I would have cried all the way there if I wasn’t driving myself.

I had never been so torn about making such a huge life decision; every other time, the obvious answer had presented itself to me and I’d gone with that. When it came to break up with my high school boyfriend to go to college across the country, I knew exactly what I was meant to do, so I dumped Darren and hopped on a plane to New York. Hunting my first job, I wondered briefly whether leaving my entire life behind so I could pick up an editorial position in a small but prestigious paper all the way back across the states was the right decision- but I knew that it was in my heart. But this time, when the call had come through, I was left completely unsure as to what I was really meant to do.

The call, which my editor Paul directed straight to my office, was from one of our higher-ups, the head of the publishing corporation that owned the paper. They were pitching a story- a story that Paul knew would be right up my alley. I’d written about sports for as long as I’d written, and was currently doing a weekly column for the paper that had been pretty well-received so far. So, when head office got in touch and said they wanted someone to go immerse themselves in an up-and-coming hockey team across the country and write an investigative piece on their rise to notoriety, there was only one person they were ever going to send out to cover it. I remember nodding my way through the phone call as though they could see me, before I hung up and stared at the opposite wall for five full minutes.
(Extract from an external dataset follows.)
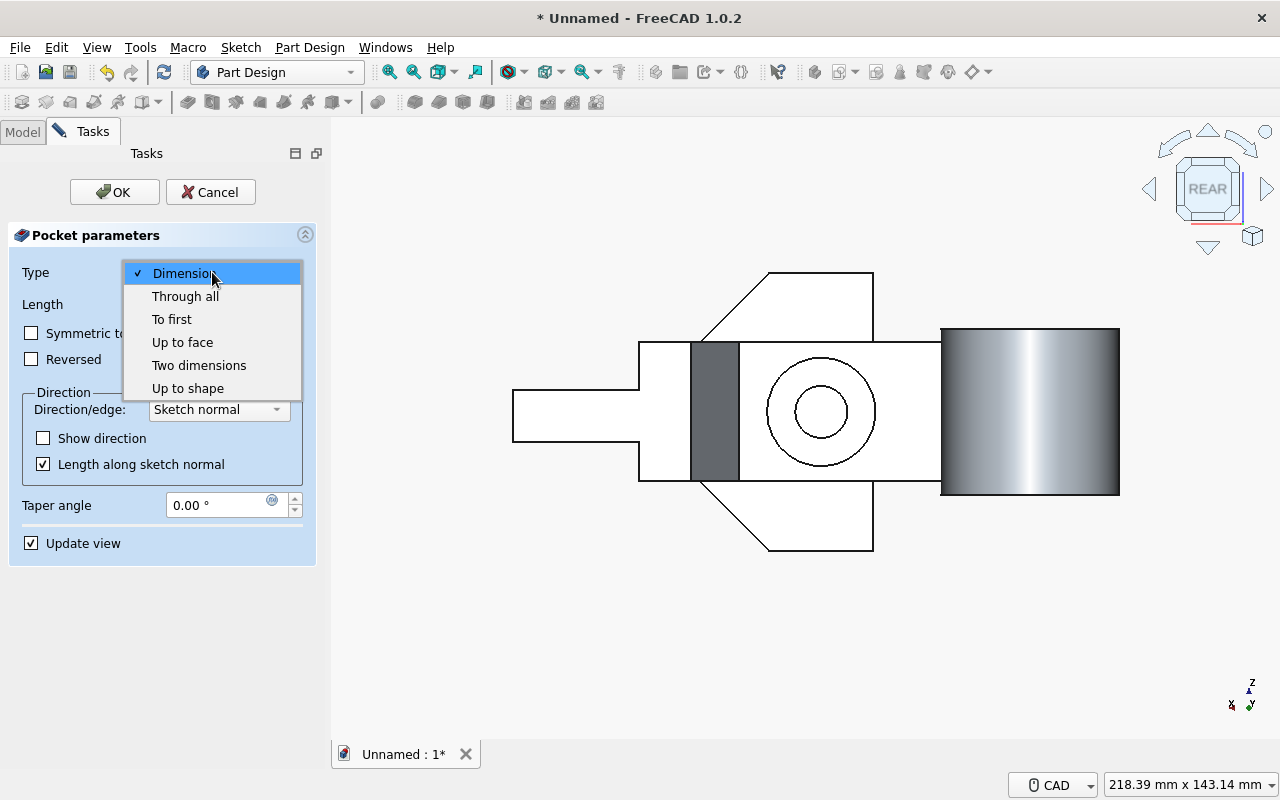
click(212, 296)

I really thought I would be here for at least the next few years or so. Yeah, the article wouldn’t take forever to write- I would be gone six months at the most- but it was another upheaval. I had hoped that when I chose to come to the Herald, I would finally find some of the stability I’d been craving since I left home. And I had found it- I had found it with Joel.

We’d met through work- I was covering the opening of his new restaurant back when I first arrived, and we hit it off at once The age difference didn’t seem to matter too much (he was thirty-one when we met, a full decade older than me), and we soon fell for each other and moved in. I’d been so busy with work before that I had never much bothered with relationships, and he was the first- I loved him with every inch of my being, more than I thought it was possible to love someone.

Loved. That was the operative word, I thought, as I finally saw the lights of the town I would be living in for the next few months on the horizon. When I told him about the opportunity I’d been given, I assumed that it would be a bit of a change for us, but that we would stick it out- it wasn’t forever, and after all, absence makes the heart grow fonder, right?

“I’m not waiting for you that long,” Joel snapped, wiping his hands on the towel next to the stovetop. I leaned up against the counter, gripping on for dear life.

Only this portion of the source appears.